• **Exercise objective**: Give back each line of the listing below that contains the string "peuterspeelzaalwerk".

• **Extracted data**:
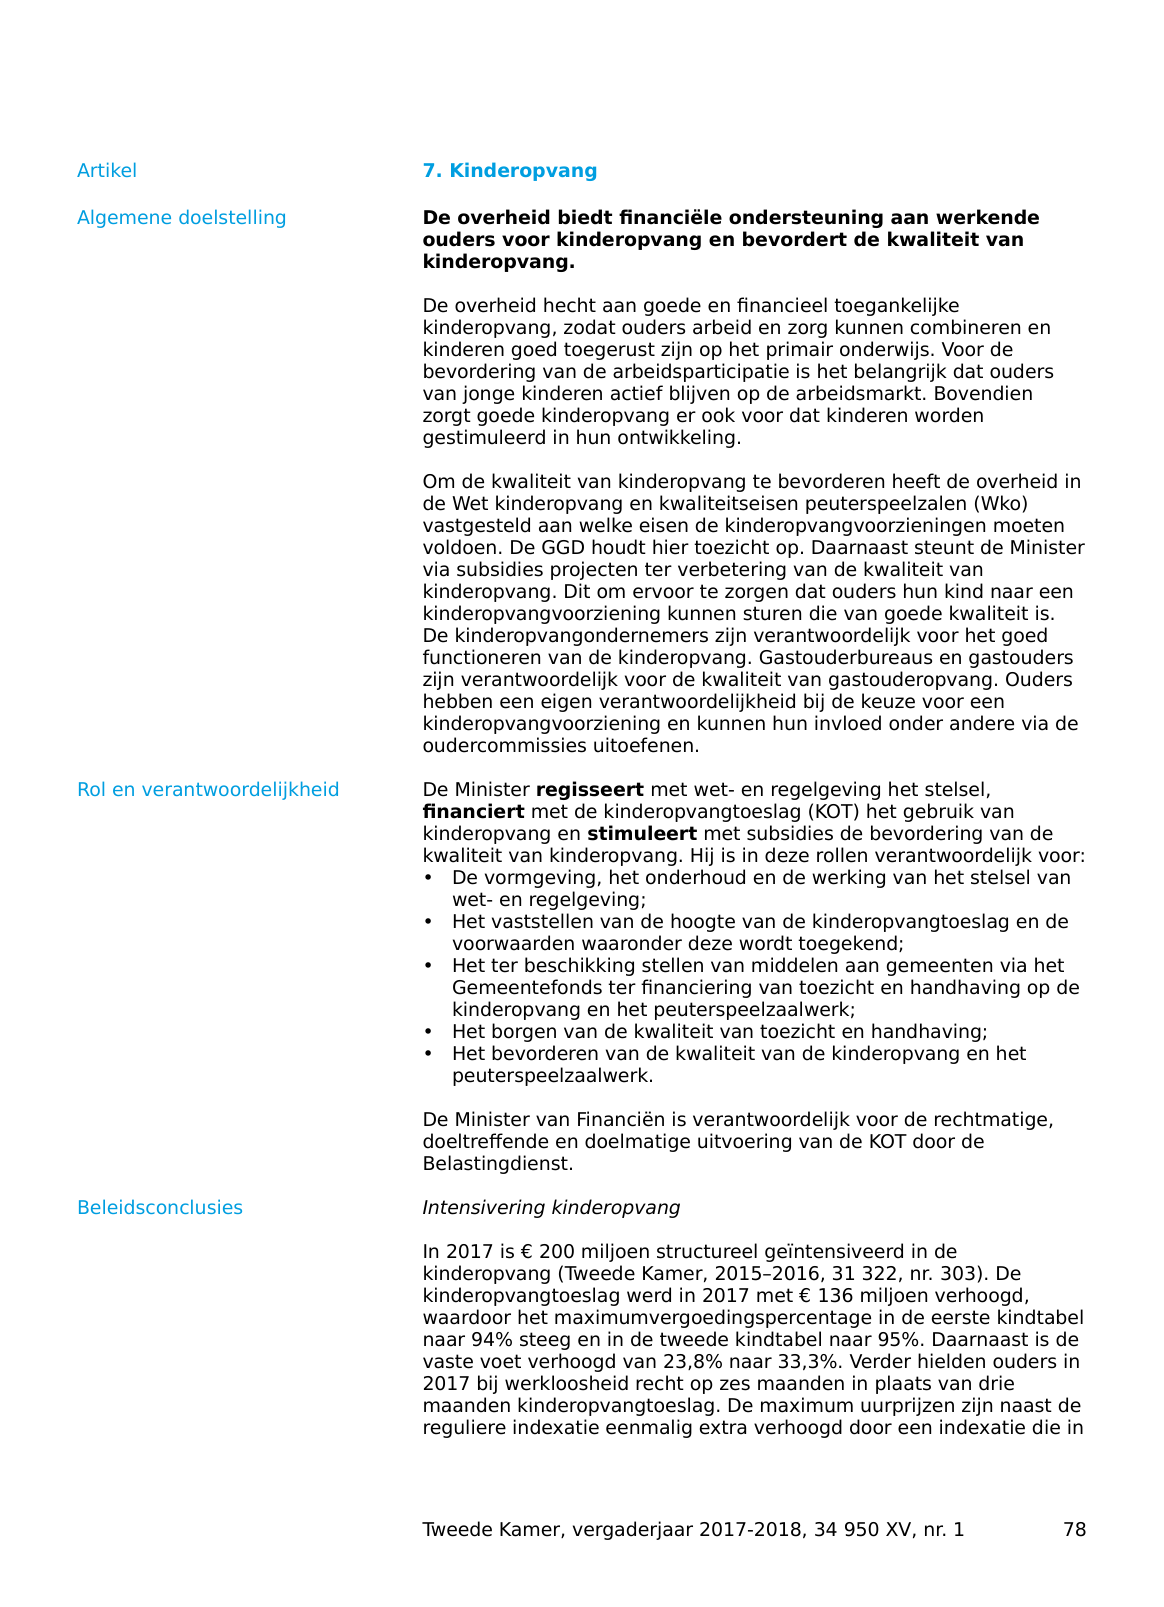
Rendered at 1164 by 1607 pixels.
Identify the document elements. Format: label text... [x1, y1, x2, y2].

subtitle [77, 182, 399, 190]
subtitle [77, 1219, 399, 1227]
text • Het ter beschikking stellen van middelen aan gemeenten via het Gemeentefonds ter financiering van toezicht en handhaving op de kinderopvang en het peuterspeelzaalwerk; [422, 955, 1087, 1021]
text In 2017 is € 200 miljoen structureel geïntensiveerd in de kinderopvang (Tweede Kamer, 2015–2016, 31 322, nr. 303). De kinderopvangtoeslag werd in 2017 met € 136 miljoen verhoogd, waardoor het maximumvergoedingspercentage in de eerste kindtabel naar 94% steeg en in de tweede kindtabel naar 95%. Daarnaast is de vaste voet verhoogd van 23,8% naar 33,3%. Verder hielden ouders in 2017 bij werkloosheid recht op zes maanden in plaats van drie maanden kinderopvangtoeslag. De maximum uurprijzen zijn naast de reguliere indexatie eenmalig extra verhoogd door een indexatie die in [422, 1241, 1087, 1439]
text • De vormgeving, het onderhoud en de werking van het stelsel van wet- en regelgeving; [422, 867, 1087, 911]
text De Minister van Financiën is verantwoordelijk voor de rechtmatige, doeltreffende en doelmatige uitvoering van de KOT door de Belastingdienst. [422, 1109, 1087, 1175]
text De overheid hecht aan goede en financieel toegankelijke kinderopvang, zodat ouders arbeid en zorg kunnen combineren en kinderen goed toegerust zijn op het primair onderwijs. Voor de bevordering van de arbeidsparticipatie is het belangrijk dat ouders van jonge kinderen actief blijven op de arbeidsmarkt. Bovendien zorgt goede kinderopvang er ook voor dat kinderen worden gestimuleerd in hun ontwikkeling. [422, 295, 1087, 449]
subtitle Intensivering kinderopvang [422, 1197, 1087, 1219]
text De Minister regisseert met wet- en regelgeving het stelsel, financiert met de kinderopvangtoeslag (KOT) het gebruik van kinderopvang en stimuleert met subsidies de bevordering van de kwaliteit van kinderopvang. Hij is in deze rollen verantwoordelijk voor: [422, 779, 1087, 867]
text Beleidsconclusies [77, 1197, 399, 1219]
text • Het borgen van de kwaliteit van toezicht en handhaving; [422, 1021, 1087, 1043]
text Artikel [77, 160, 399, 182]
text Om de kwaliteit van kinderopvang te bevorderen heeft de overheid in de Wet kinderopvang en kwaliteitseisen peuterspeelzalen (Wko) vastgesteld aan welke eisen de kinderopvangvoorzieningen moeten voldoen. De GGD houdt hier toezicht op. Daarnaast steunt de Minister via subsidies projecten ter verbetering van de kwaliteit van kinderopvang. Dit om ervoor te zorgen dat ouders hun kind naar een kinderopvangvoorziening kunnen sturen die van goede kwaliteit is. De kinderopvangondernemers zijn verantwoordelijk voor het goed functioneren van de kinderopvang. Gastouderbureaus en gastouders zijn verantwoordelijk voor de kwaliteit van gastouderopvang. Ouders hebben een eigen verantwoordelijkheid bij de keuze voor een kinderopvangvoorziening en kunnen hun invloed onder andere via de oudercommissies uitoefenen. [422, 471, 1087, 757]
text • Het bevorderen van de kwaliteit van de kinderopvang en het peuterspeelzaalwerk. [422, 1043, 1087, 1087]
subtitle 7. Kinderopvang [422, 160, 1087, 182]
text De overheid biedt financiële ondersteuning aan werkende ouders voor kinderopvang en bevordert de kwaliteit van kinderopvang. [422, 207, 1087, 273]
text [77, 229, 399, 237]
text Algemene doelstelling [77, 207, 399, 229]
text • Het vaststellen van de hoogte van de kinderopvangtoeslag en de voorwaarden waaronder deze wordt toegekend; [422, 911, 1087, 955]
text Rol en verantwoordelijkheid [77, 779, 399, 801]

• **Task output**:
text • Het ter beschikking stellen van middelen aan gemeenten via het Gemeentefonds ter financiering van toezicht en handhaving op de kinderopvang en het peuterspeelzaalwerk; [422, 955, 1087, 1021]
text • Het bevorderen van de kwaliteit van de kinderopvang en het peuterspeelzaalwerk. [422, 1043, 1087, 1087]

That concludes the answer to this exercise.